Step 1 uses an index map from the donor distribution to the columns of the fmat matrices (num_numcol_fidx_do). Step 2 uses a black-box N mat-mat multiplication function. And step 3 uses an index map from the result of a mat-mat multiplication, to the target distribution (num_numcol_fidx_tar).

Possible improvements

  1. Presently the BC is applied using volume expansions. We could instead evaluate f at the surface and use surface expansions. This would reduce the number of rows in the matrices by 2X, and thus would reduce the number of FLOPS by at least 4X I think (mat-mat multiplication is an N^2.4 - N^3 operation).
  2. I believe gkyl_nmat_mm is still creating a CUBLAS handle every time. We need to change it so it only creates it once.
  3. We are allocating quite a bit of memory to create fmat, i.e. an num_do_totNyNvparNmuncomp chunk of memory, which is somewhere between a 4D and a 5D distribution. It might be advantageous to find a away to reduce this memory need.
  4. The construction of scimat has a bit of repetition now that all scenarios are treated with variable y limits. We should look into writing this even more modularly with less repetition. But we may also not want to do this until we've done some simulations and know the present approach is robust.
  5. If after having done some simulations we find that the current implementation is robust enough, we could remove the 2 unused kernels and simplify some of the kernel-related code.
tnbernard commented 3 months ago

I support finding a way to reduce the memory, since @manauref mentioned in the GK meeting today that high resolution LAPD simulations are approaching a memory limit. This will undoubtedly be exacerbated in shaped geometry and if neutrals/impurities are included.

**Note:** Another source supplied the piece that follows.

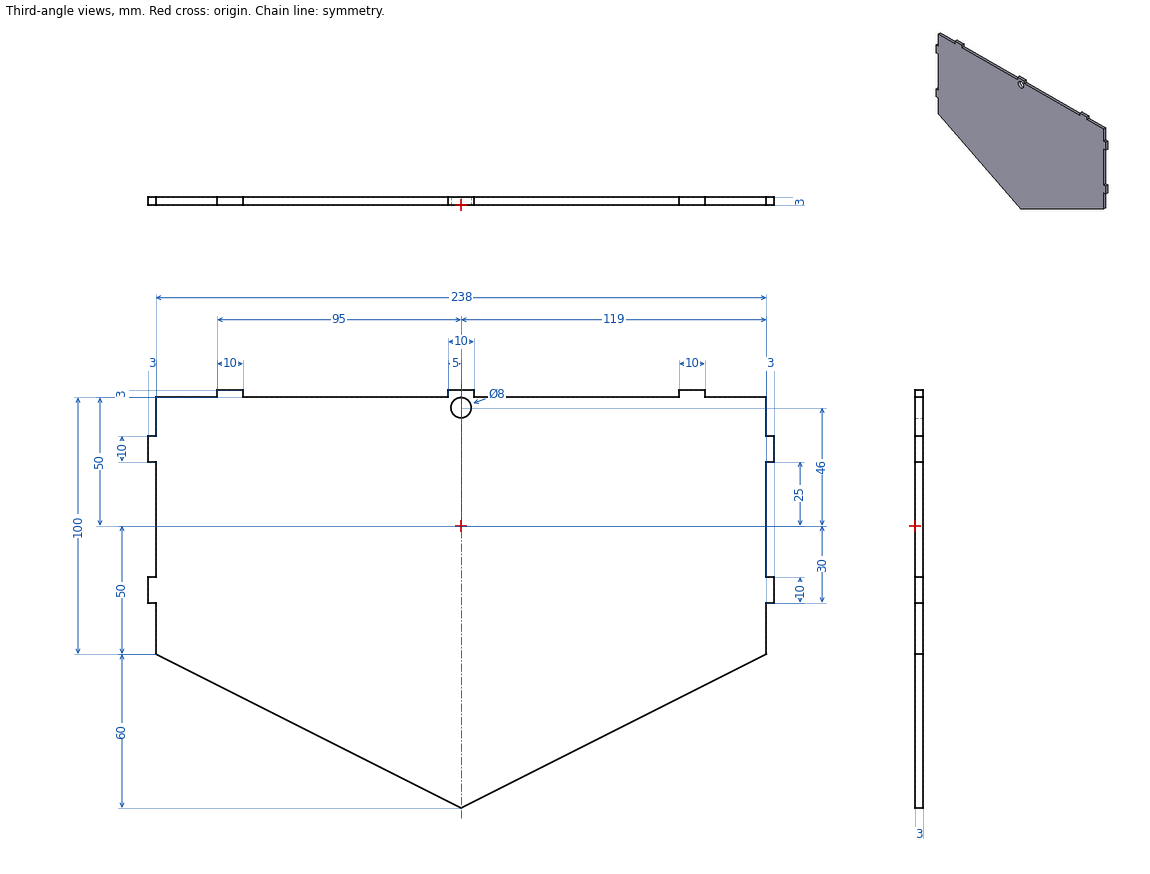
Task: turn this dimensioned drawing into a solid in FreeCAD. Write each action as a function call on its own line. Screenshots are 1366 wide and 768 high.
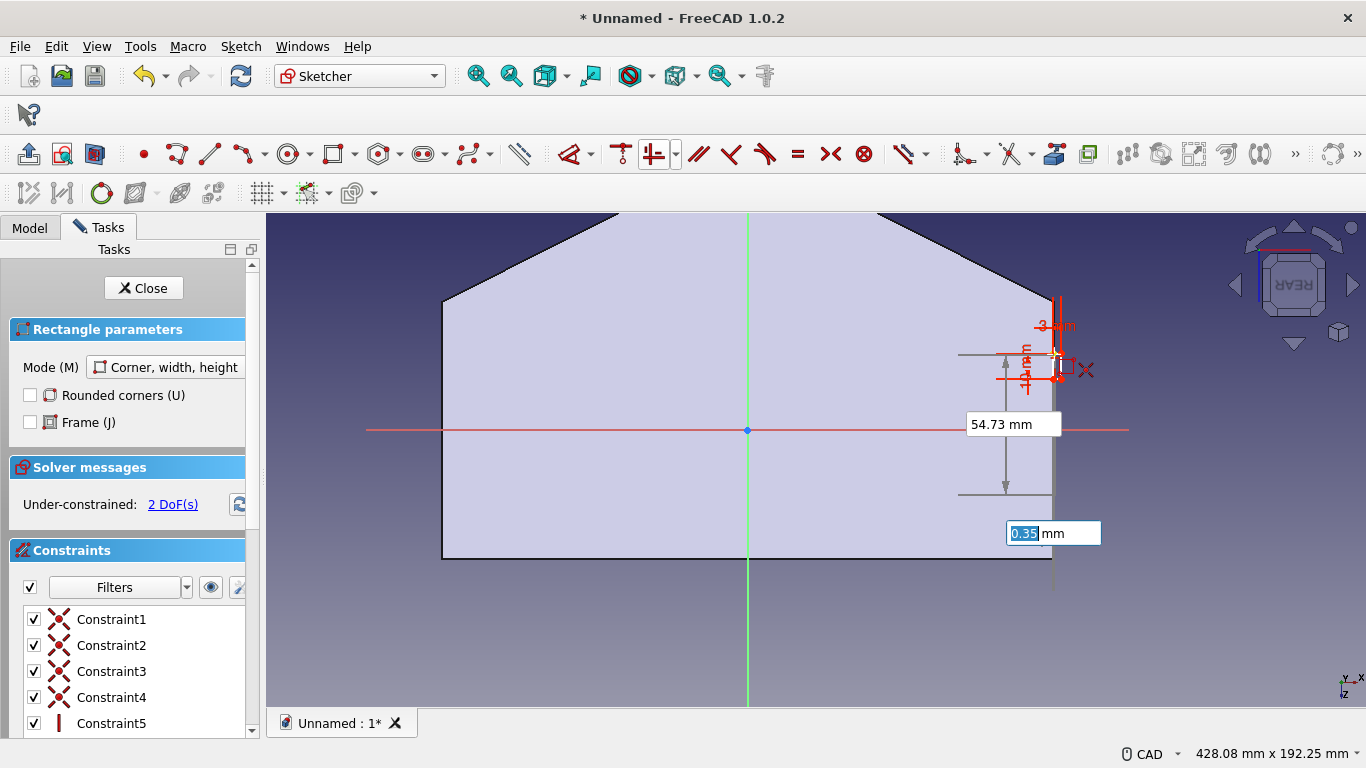
click(1061, 520)

Which 2 kernels are not used that you reference in improvement no. 5? Do you mean that at the sub-cell integral calculation, where 3 kernels were needed, now only one is necessary?

manauref commented 2 months ago

Reducing the memory footprint of TS BCs will not improve our ability to run bigger (clopen) sims on GPUs, because it's the difference between ~5 distributions or 6 (so only a 16.67% footprint). What we really need is parallelization in other dimensions, or a refactoring of many other parts of the code so we allocate fewer arrays.

In g2 there were 3 kernels:

tnbernard commented 2 months ago

Thanks for clarifying.

ammarhakim commented 2 months ago

Closed as this work is complete. Nice job, @manauref!